Source: Company SEC filings and Labyrinth Consulting Services, Inc.
(Click image to enlarge)
I have already discussed the probable causes for lower operating costs but the 20% decrease in capital costs is significant and may be behind some of the claims that rig productivity and efficiency are important. I do not know what percentage of capex for 2014 was for growth vs. maintenance. My allocation of 85% of capex is, therefore, arbitrary but probably over-states the amount of capex savings between 2015 and 2014. It provides a net margin per BOE that is consistent with the positive cash flow for 2014 shown in Table 5, and with recent statements by the company that it would resume full drilling at around $60 per barrel oil prices.
One of my clients just drilled a well to more than 14,000 feet onshore Texas using a high-horse power top-drive rig designed for horizontal drilling. The day rate for the drilling rig decreased by almost 40% from the initial quote in the fall of 2014 to when the contract was signed in the spring of 2015.

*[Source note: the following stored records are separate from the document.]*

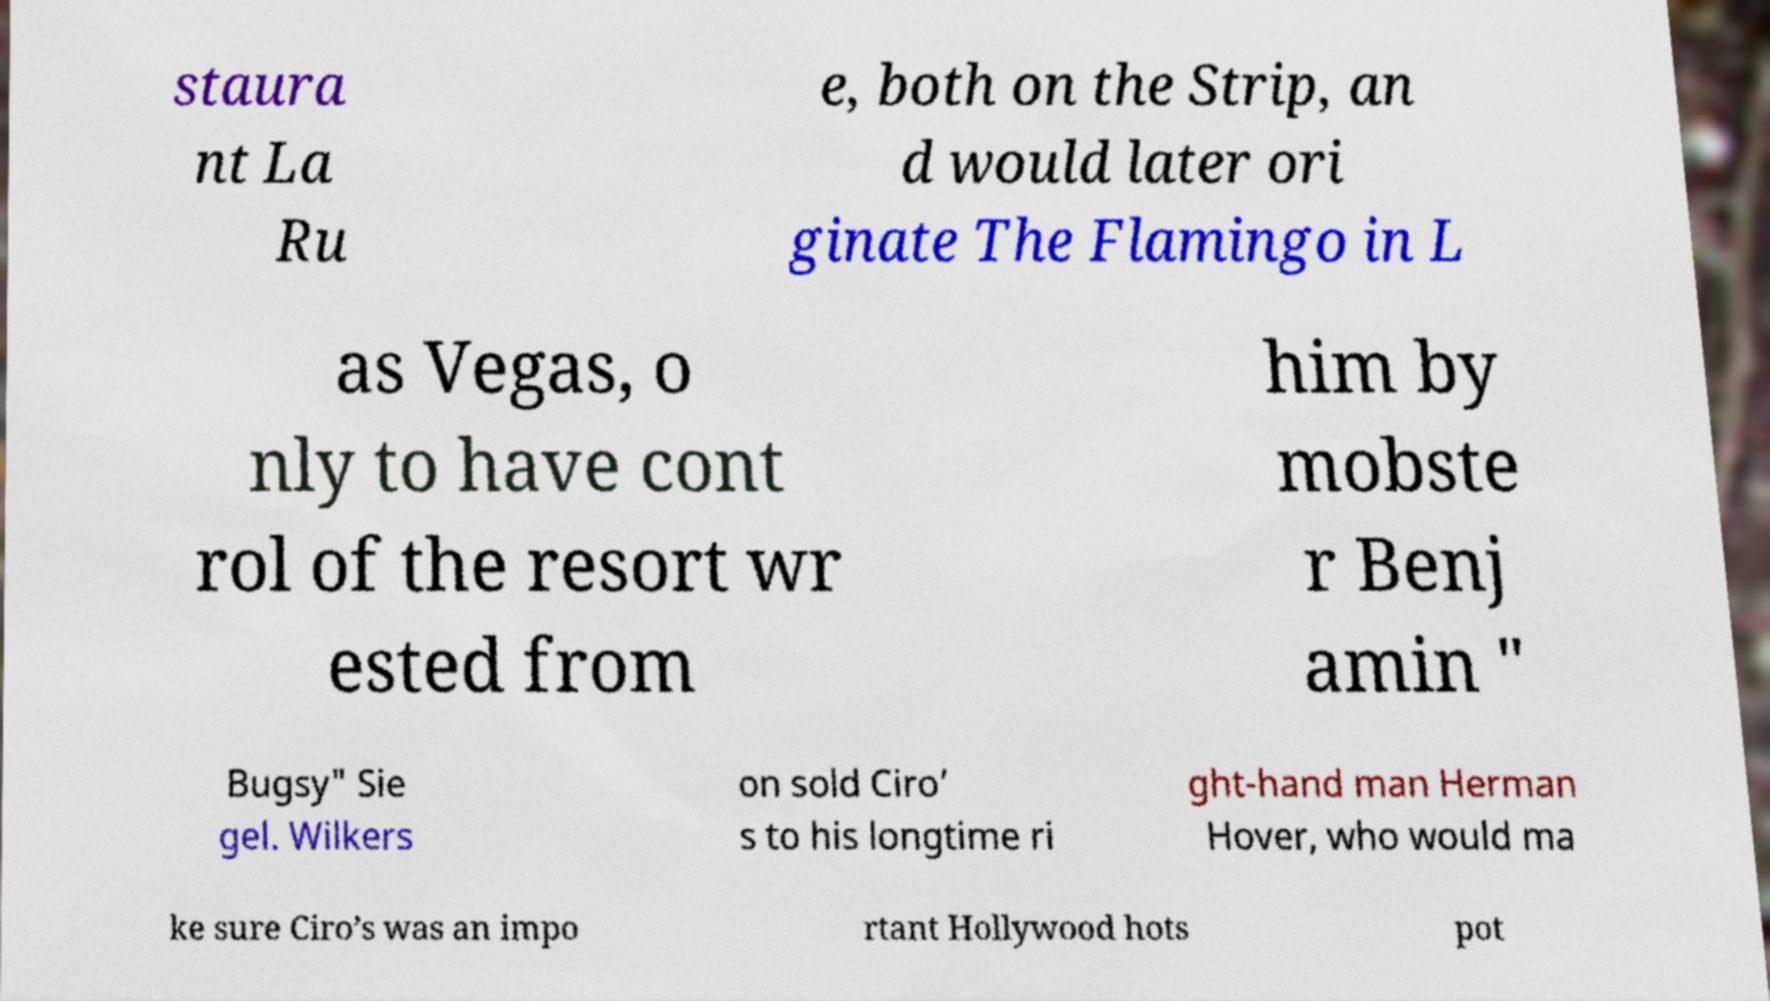What messages or text are displayed in this image? I need them in a readable, typed format. staura nt La Ru e, both on the Strip, an d would later ori ginate The Flamingo in L as Vegas, o nly to have cont rol of the resort wr ested from him by mobste r Benj amin " Bugsy" Sie gel. Wilkers on sold Ciro’ s to his longtime ri ght-hand man Herman Hover, who would ma ke sure Ciro’s was an impo rtant Hollywood hots pot 
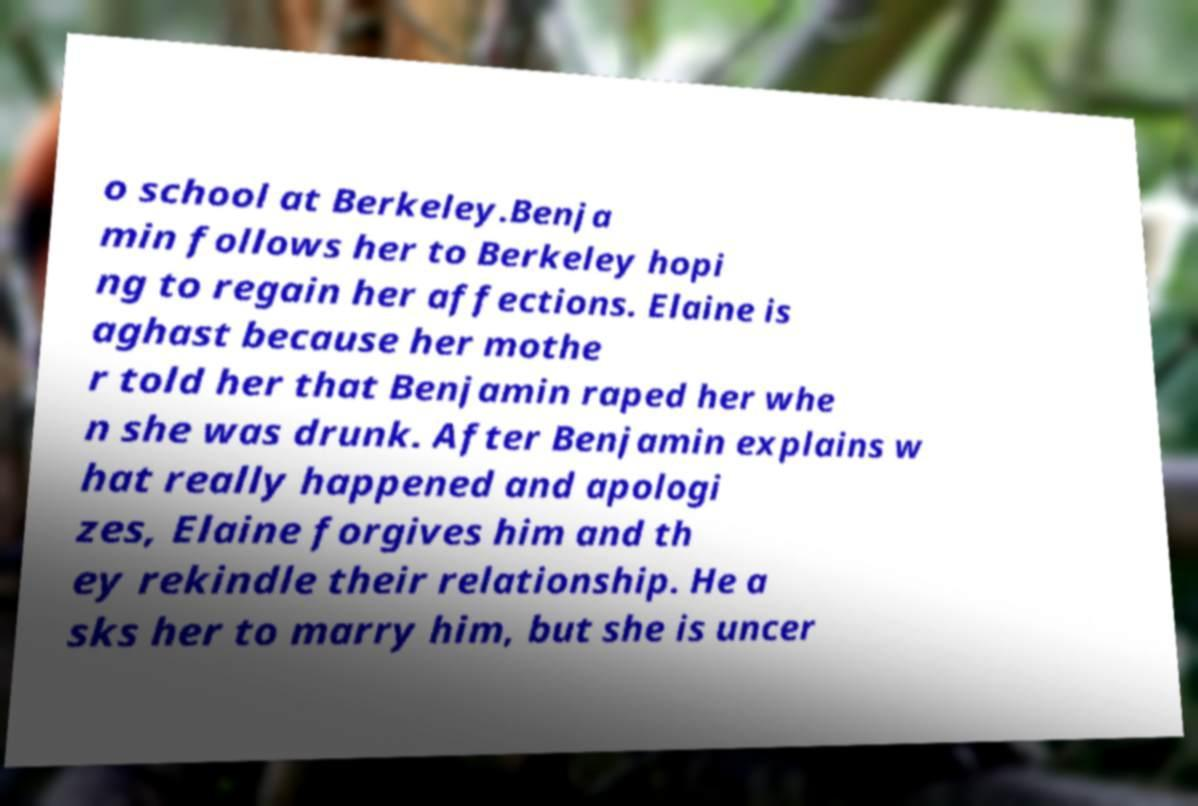I need the written content from this picture converted into text. Can you do that? o school at Berkeley.Benja min follows her to Berkeley hopi ng to regain her affections. Elaine is aghast because her mothe r told her that Benjamin raped her whe n she was drunk. After Benjamin explains w hat really happened and apologi zes, Elaine forgives him and th ey rekindle their relationship. He a sks her to marry him, but she is uncer 
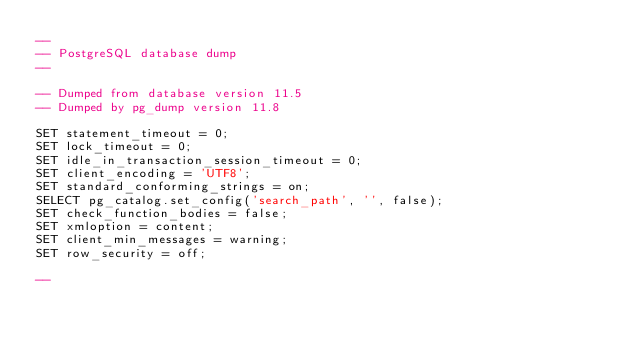<code> <loc_0><loc_0><loc_500><loc_500><_SQL_>--
-- PostgreSQL database dump
--

-- Dumped from database version 11.5
-- Dumped by pg_dump version 11.8

SET statement_timeout = 0;
SET lock_timeout = 0;
SET idle_in_transaction_session_timeout = 0;
SET client_encoding = 'UTF8';
SET standard_conforming_strings = on;
SELECT pg_catalog.set_config('search_path', '', false);
SET check_function_bodies = false;
SET xmloption = content;
SET client_min_messages = warning;
SET row_security = off;

--</code> 
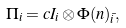<formula> <loc_0><loc_0><loc_500><loc_500>\Pi _ { i } = c I _ { i } \otimes \Phi ( n ) _ { \bar { i } } ,</formula> 
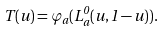<formula> <loc_0><loc_0><loc_500><loc_500>T ( u ) = \varphi _ { a } ( L _ { a } ^ { 0 } ( u , 1 - u ) ) .</formula> 
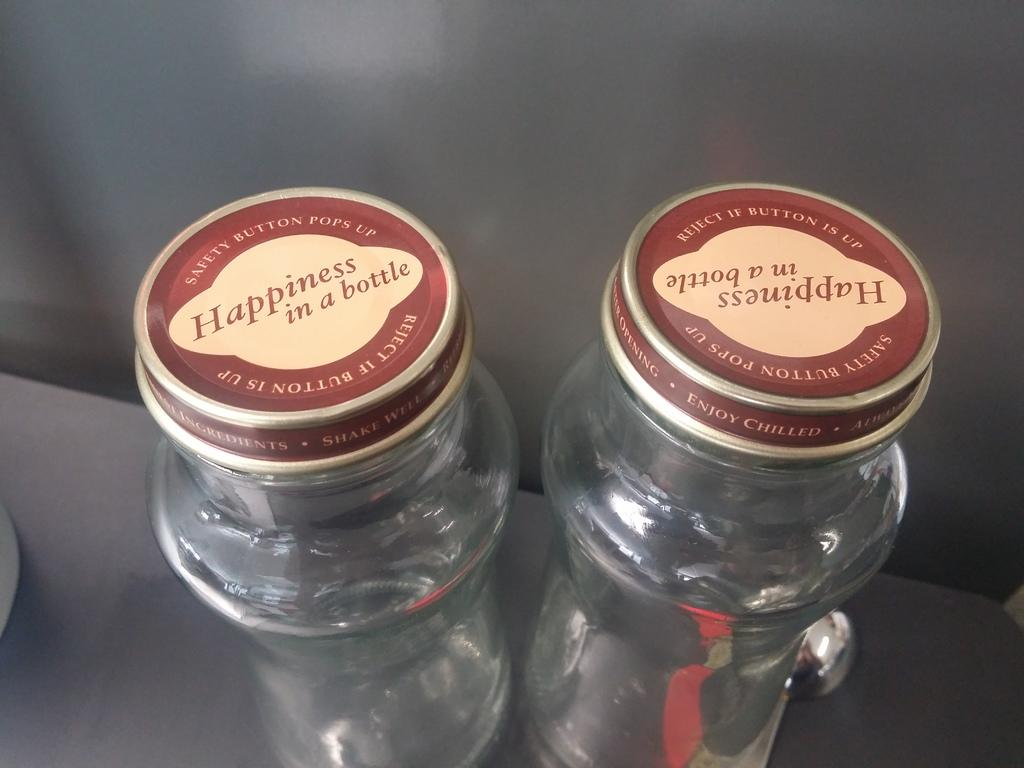<image>
Describe the image concisely. Two small glass bottles have metal lids that say Happiness in a bottle. 
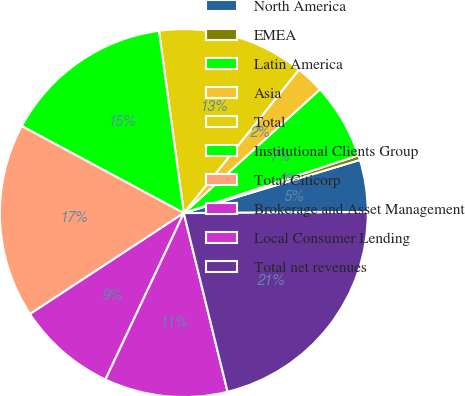<chart> <loc_0><loc_0><loc_500><loc_500><pie_chart><fcel>North America<fcel>EMEA<fcel>Latin America<fcel>Asia<fcel>Total<fcel>Institutional Clients Group<fcel>Total Citicorp<fcel>Brokerage and Asset Management<fcel>Local Consumer Lending<fcel>Total net revenues<nl><fcel>4.58%<fcel>0.41%<fcel>6.66%<fcel>2.5%<fcel>12.92%<fcel>15.0%<fcel>17.09%<fcel>8.75%<fcel>10.83%<fcel>21.26%<nl></chart> 
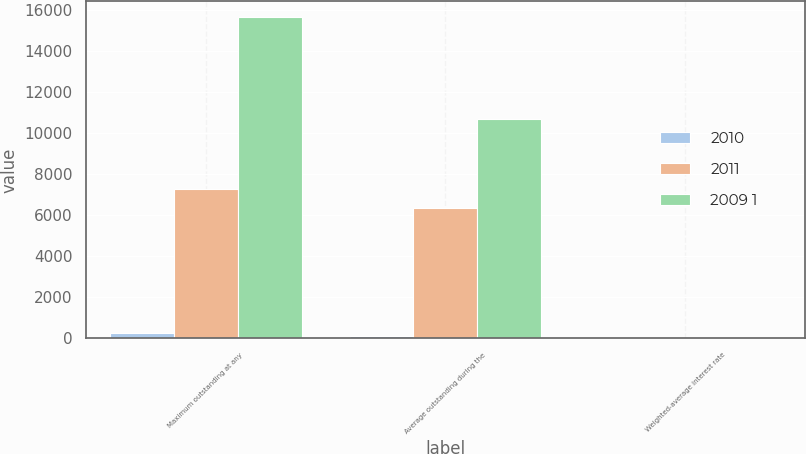Convert chart to OTSL. <chart><loc_0><loc_0><loc_500><loc_500><stacked_bar_chart><ecel><fcel>Maximum outstanding at any<fcel>Average outstanding during the<fcel>Weighted-average interest rate<nl><fcel>2010<fcel>271<fcel>113<fcel>0.47<nl><fcel>2011<fcel>7275<fcel>6339<fcel>0.32<nl><fcel>2009 1<fcel>15645<fcel>10691<fcel>1.26<nl></chart> 
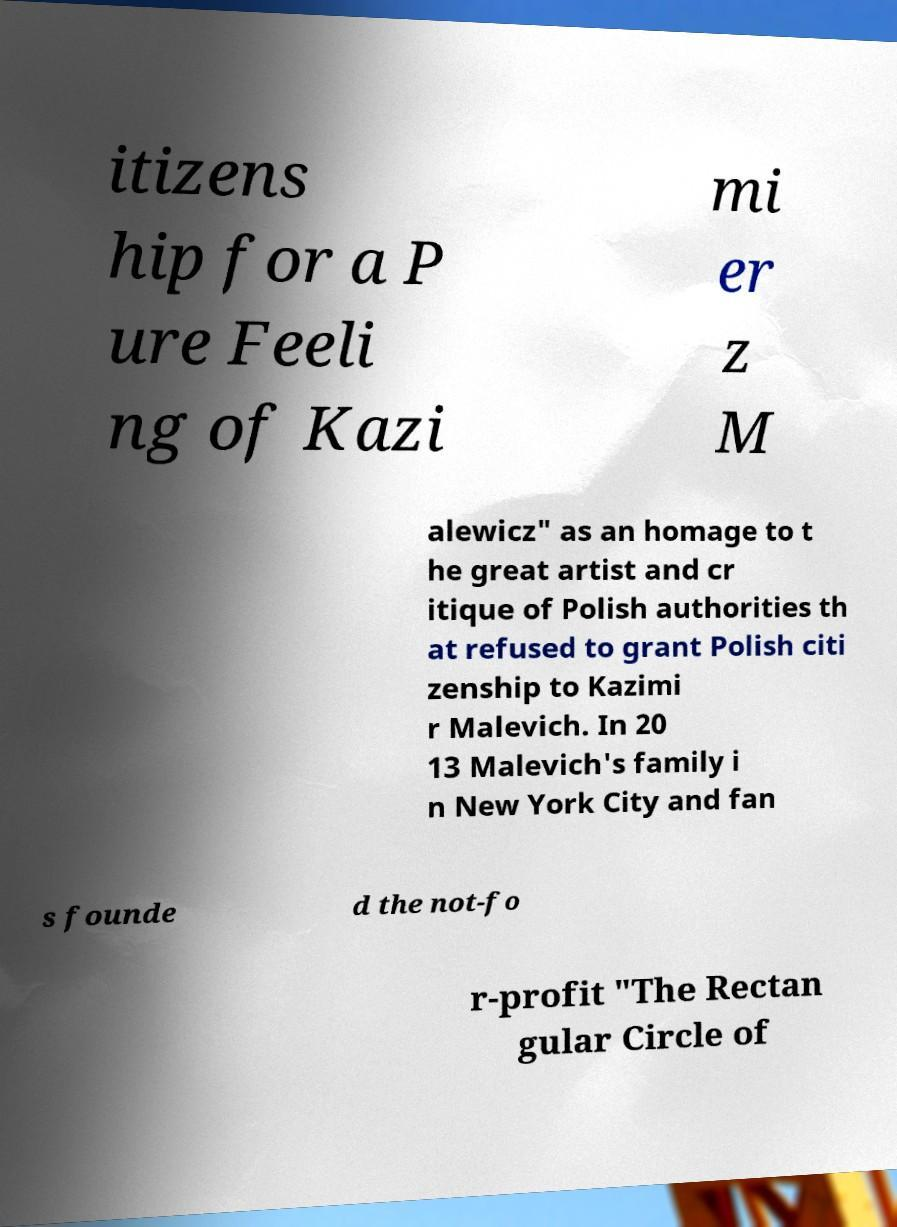Can you accurately transcribe the text from the provided image for me? itizens hip for a P ure Feeli ng of Kazi mi er z M alewicz" as an homage to t he great artist and cr itique of Polish authorities th at refused to grant Polish citi zenship to Kazimi r Malevich. In 20 13 Malevich's family i n New York City and fan s founde d the not-fo r-profit "The Rectan gular Circle of 
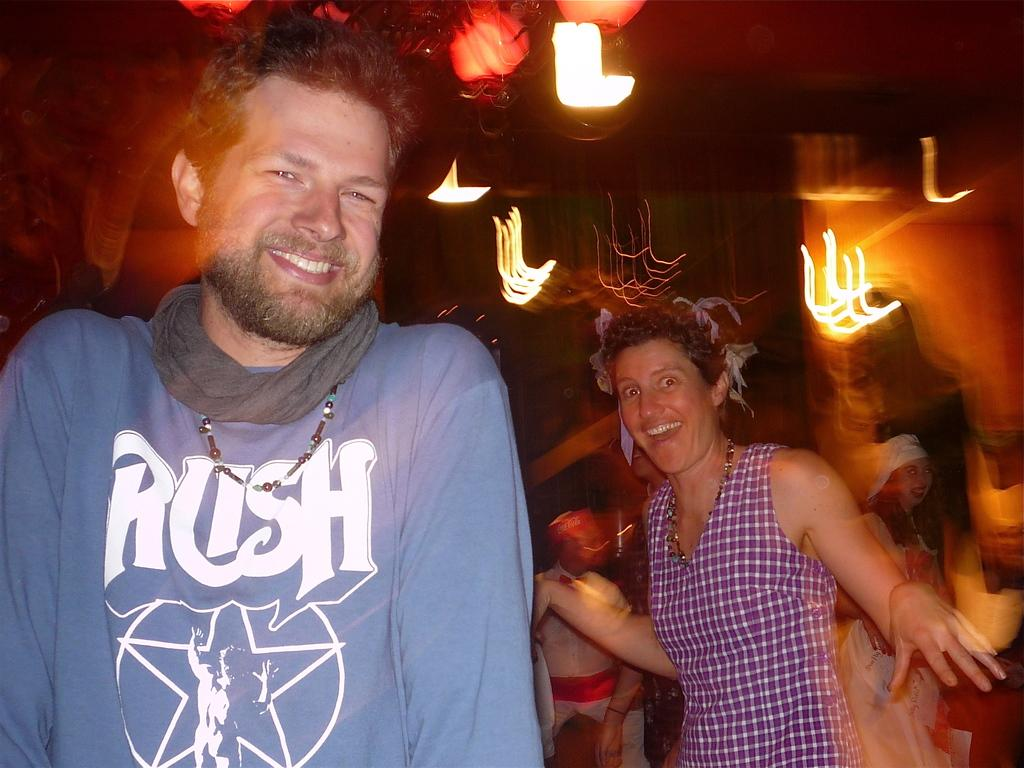How many people are present in the image? There are two people, a man and a woman, present in the image. What are the man and woman doing in the image? The man and woman are standing. What can be seen in the background of the image? There are people and lights visible in the background of the image. What degree does the woman have in teaching, as mentioned in the image? There is no mention of degrees or teaching in the image; it simply shows a man and a woman standing. 
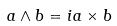Convert formula to latex. <formula><loc_0><loc_0><loc_500><loc_500>a \wedge b = i a \times b</formula>

This leads me to believe that most, if not all, of the recent capex savings by EOG and other tight oil producers is because of price deflation and not because of increases in rig productivity or efficiency.
The EIA Drilling Productivity Report
If we have learned anything watching the rig count fall since December 2014 without much corresponding fall in oil production, it is that rig count is a very poor predictor of anything except where capital is going. Drilling productivity is just another variant or derivative of rig count and comes burdened, therefore, with all of its vagaries. Related: This Oil Major Hasn’t Lost Faith In Subsea Drilling
At the same time, there are problems with how the EIA uses rig productivity in their monthly Drilling Productivity Report (DPR). EIA assumes a 2-month lag between well spud and first production for all unconventional plays but this is incorrect for the three most important tight oil plays.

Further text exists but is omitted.